## Provided data

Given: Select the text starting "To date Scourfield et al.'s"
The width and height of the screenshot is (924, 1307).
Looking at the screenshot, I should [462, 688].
---
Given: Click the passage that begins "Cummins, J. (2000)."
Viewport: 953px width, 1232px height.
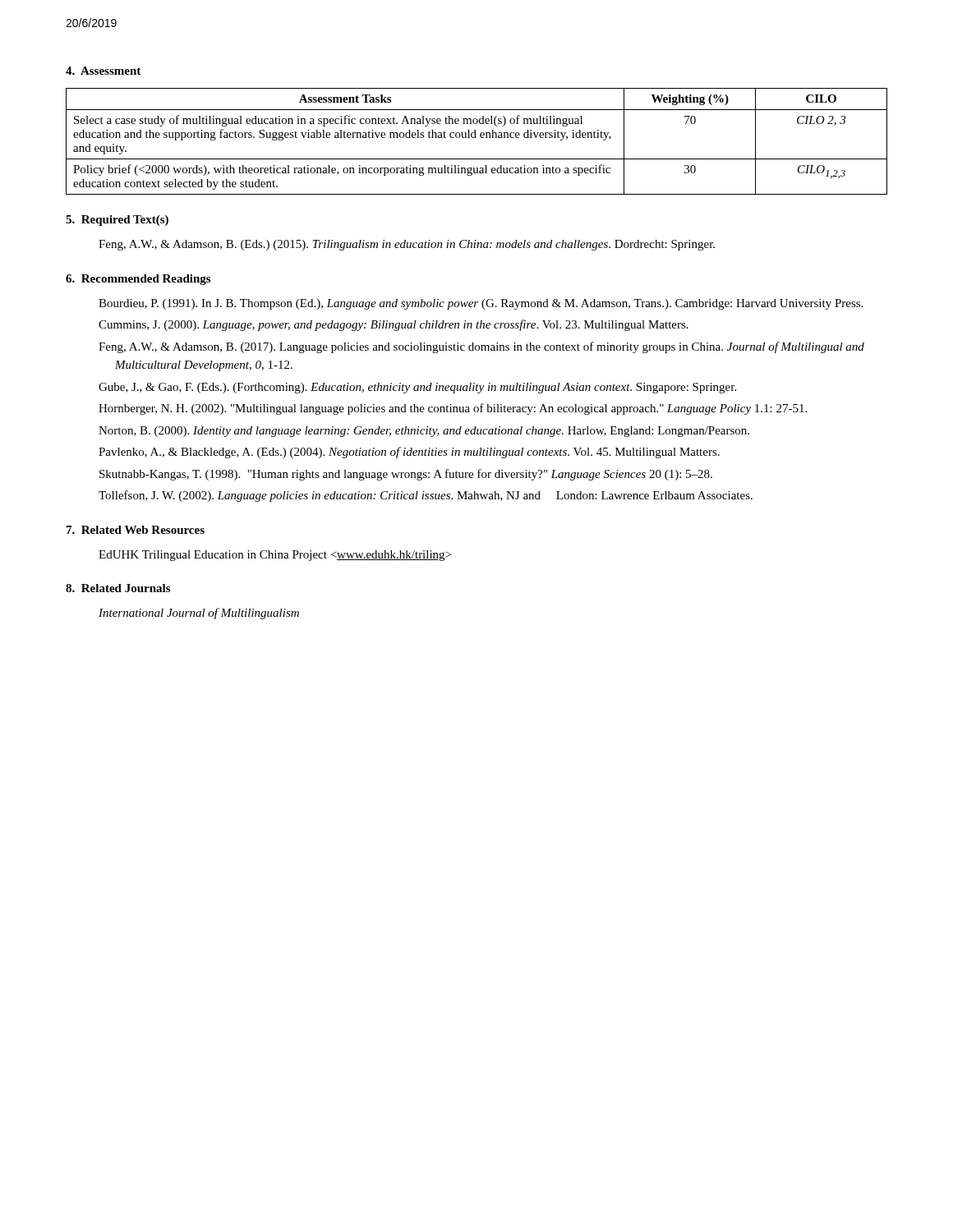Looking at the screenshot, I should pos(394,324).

## Activity
Gather all lines from the listing above in which "Given" occurs.

## Answer box
Given: Select the text starting "To date Scourfield et al.'s"
Given: Click the passage that begins "Cummins, J. (2000)."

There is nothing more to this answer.